Below are the records; give again exactly the line with "10. person from (660, 279) to (734, 468)", the line with "11. person from (67, 263) to (104, 371)", and each line that lies between them, and nothing besides.

• _Records for the exercise_
----------

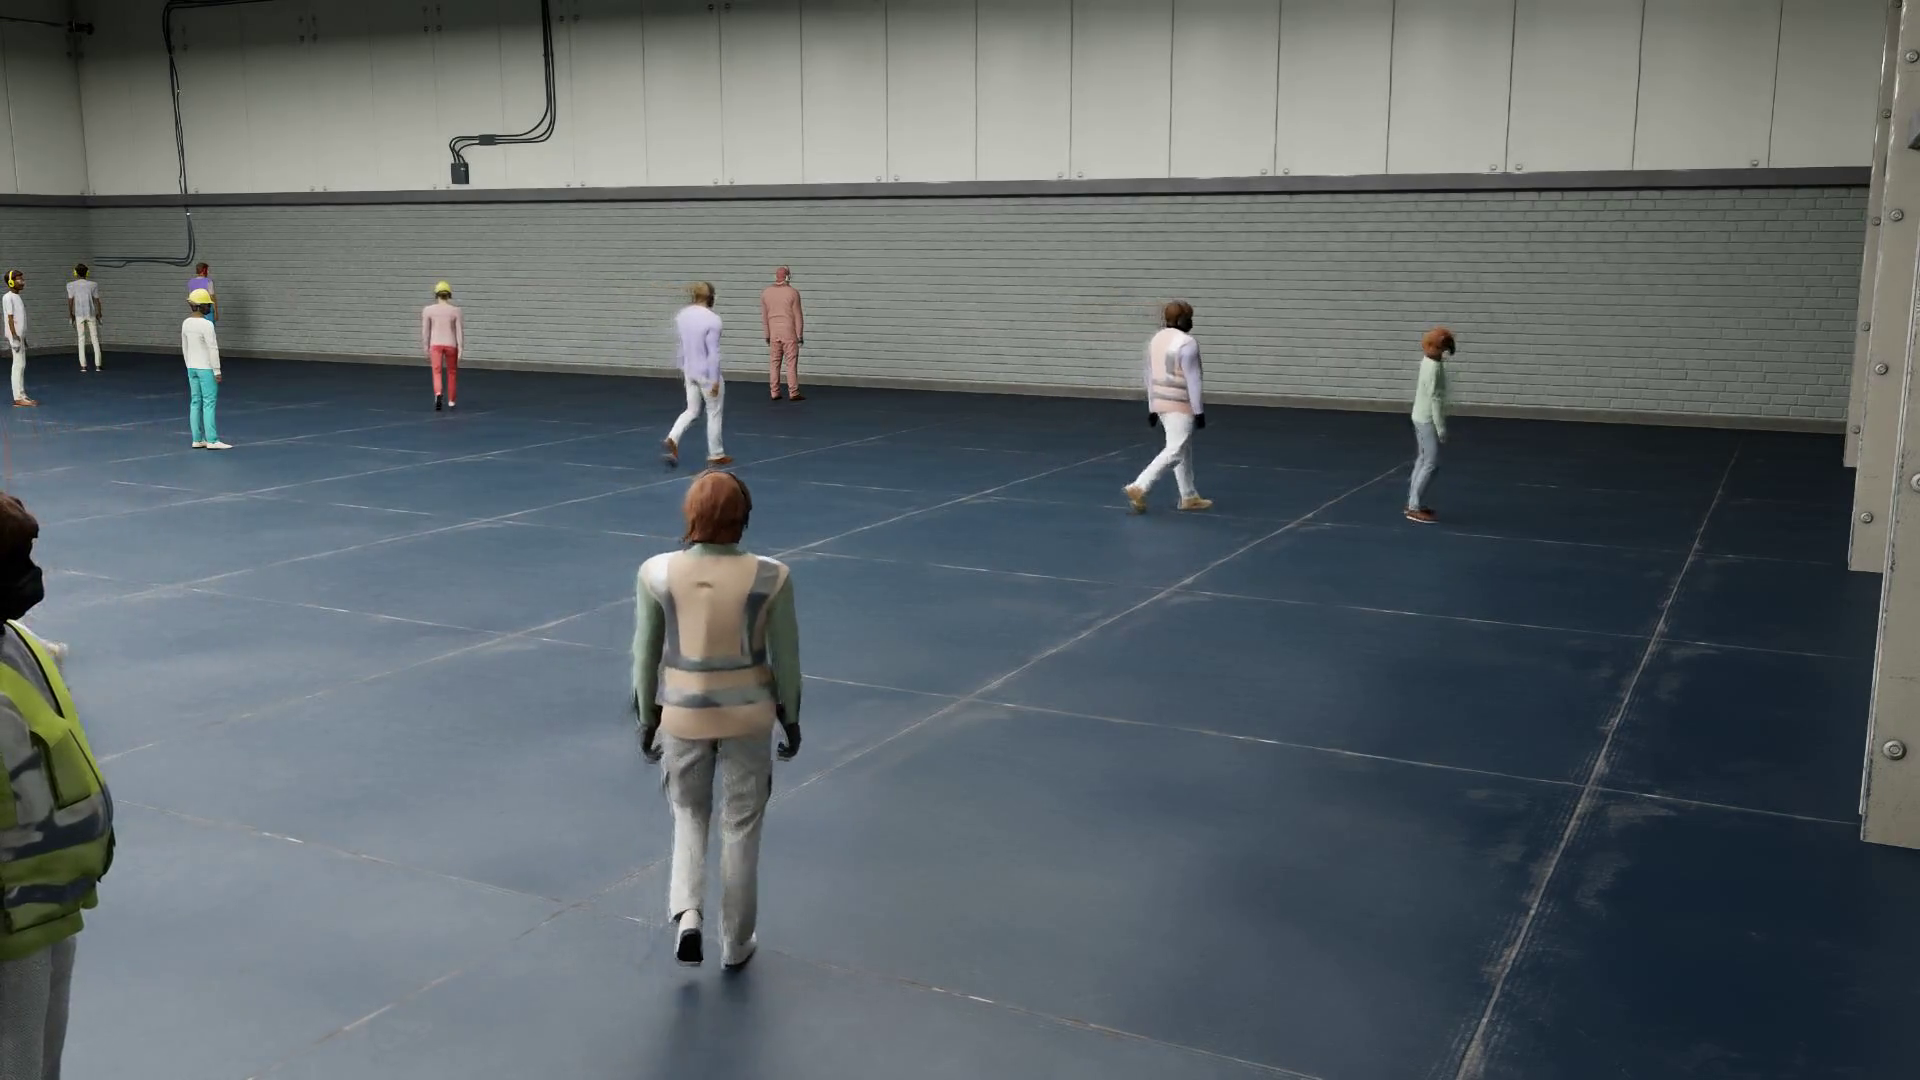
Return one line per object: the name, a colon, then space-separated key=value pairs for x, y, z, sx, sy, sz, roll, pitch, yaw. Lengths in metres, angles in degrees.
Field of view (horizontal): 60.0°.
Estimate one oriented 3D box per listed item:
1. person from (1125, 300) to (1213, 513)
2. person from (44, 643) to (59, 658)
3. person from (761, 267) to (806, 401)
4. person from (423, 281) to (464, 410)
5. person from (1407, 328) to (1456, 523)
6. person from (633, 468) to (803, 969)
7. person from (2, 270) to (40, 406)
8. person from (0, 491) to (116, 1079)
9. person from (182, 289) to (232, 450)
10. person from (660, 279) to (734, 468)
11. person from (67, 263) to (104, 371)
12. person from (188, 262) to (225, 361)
person: x=1.786 y=-1.123 z=14.104 sx=0.851 sy=1.820 sz=0.627 roll=-4 pitch=11 yaw=-20
person: x=-4.879 y=-0.098 z=8.061 sx=0.693 sy=1.975 sz=0.620 roll=-5 pitch=11 yaw=-25
person: x=-2.504 y=-2.938 z=23.745 sx=0.639 sy=1.904 sz=0.409 roll=4 pitch=11 yaw=23
person: x=-6.992 y=-2.635 z=22.538 sx=0.531 sy=1.738 sz=0.797 roll=-3 pitch=11 yaw=-15
person: x=3.893 y=-0.955 z=13.733 sx=0.329 sy=1.600 sz=0.563 roll=2 pitch=11 yaw=12
person: x=-0.763 y=0.586 z=5.282 sx=0.540 sy=1.625 sz=0.391 roll=0 pitch=10 yaw=3
person: x=-13.006 y=-2.785 z=22.999 sx=0.329 sy=1.872 sz=0.510 roll=-4 pitch=11 yaw=-19
person: x=-2.018 y=0.801 z=3.524 sx=0.429 sy=1.841 sz=0.634 roll=-3 pitch=11 yaw=-15
person: x=-8.313 y=-1.873 z=18.309 sx=0.534 sy=1.767 sz=0.314 roll=6 pitch=12 yaw=31
person: x=-2.635 y=-1.649 z=16.681 sx=0.636 sy=1.920 sz=0.808 roll=8 pitch=13 yaw=38
person: x=-15.186 y=-3.867 z=28.883 sx=0.531 sy=1.876 sz=0.318 roll=-6 pitch=12 yaw=-28
person: x=-14.085 y=-4.240 z=30.992 sx=0.565 sy=1.848 sz=0.390 roll=4 pitch=11 yaw=19

----------

• _Exercise solution_
10. person from (660, 279) to (734, 468)
11. person from (67, 263) to (104, 371)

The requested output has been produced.